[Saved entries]

»»

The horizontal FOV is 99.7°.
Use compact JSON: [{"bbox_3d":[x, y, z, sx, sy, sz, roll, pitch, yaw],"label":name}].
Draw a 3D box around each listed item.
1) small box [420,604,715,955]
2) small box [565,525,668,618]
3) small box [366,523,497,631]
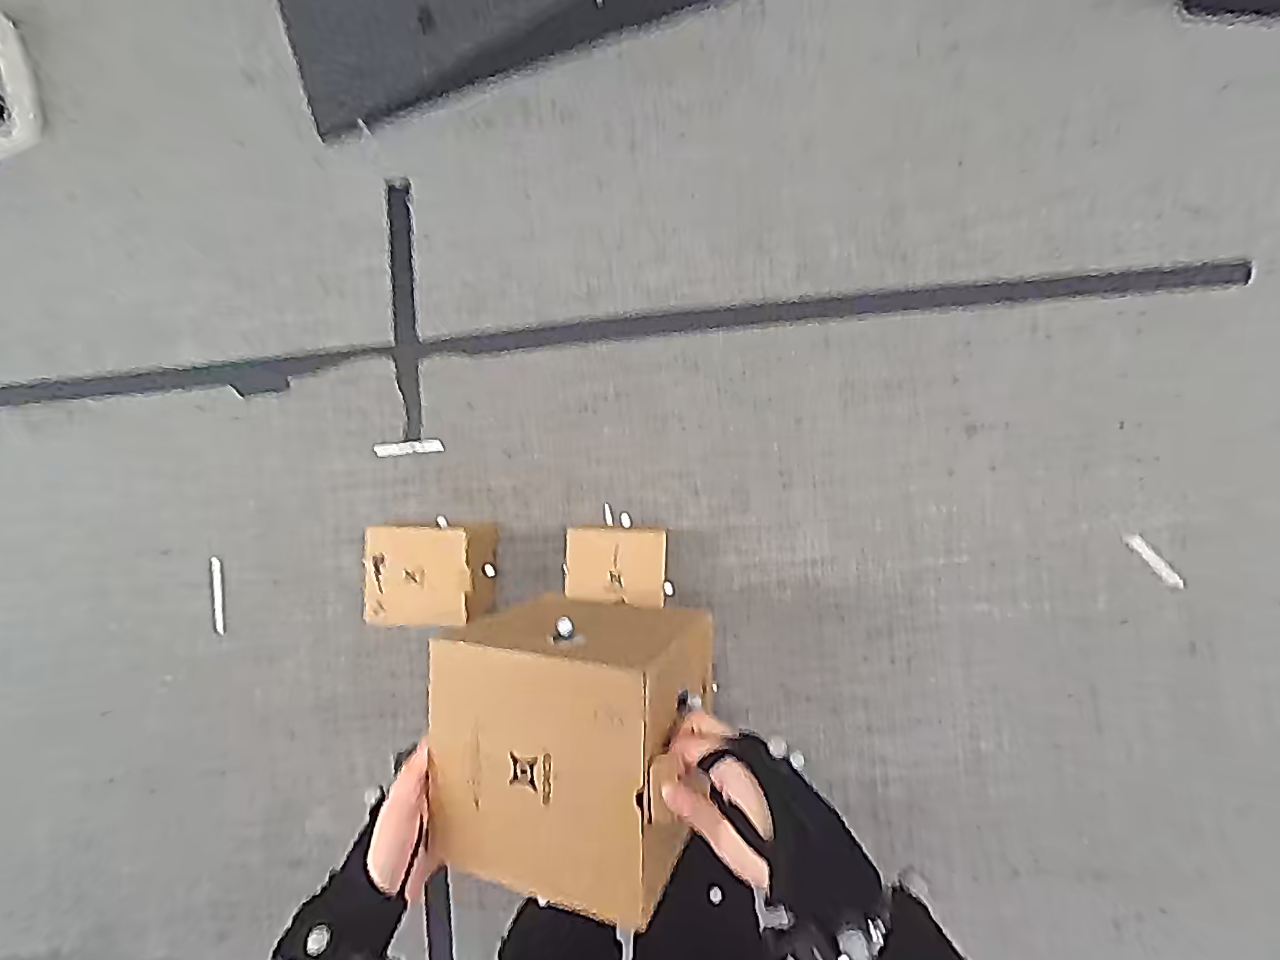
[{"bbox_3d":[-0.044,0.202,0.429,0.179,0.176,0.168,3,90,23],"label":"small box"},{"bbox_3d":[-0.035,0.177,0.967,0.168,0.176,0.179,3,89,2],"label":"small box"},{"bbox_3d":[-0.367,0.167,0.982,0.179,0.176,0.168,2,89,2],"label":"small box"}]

««

Could the entries above be printed again exactly, apart from the pictures?

The horizontal FOV is 99.7°.
Use compact JSON: [{"bbox_3d":[x, y, z, sx, sy, sz, roll, pitch, yaw],"label":name}].
Draw a 3D box around each listed item.
1) small box [420,604,715,955]
2) small box [565,525,668,618]
3) small box [366,523,497,631]
[{"bbox_3d":[-0.044,0.202,0.429,0.179,0.176,0.168,3,90,23],"label":"small box"},{"bbox_3d":[-0.035,0.177,0.967,0.168,0.176,0.179,3,89,2],"label":"small box"},{"bbox_3d":[-0.367,0.167,0.982,0.179,0.176,0.168,2,89,2],"label":"small box"}]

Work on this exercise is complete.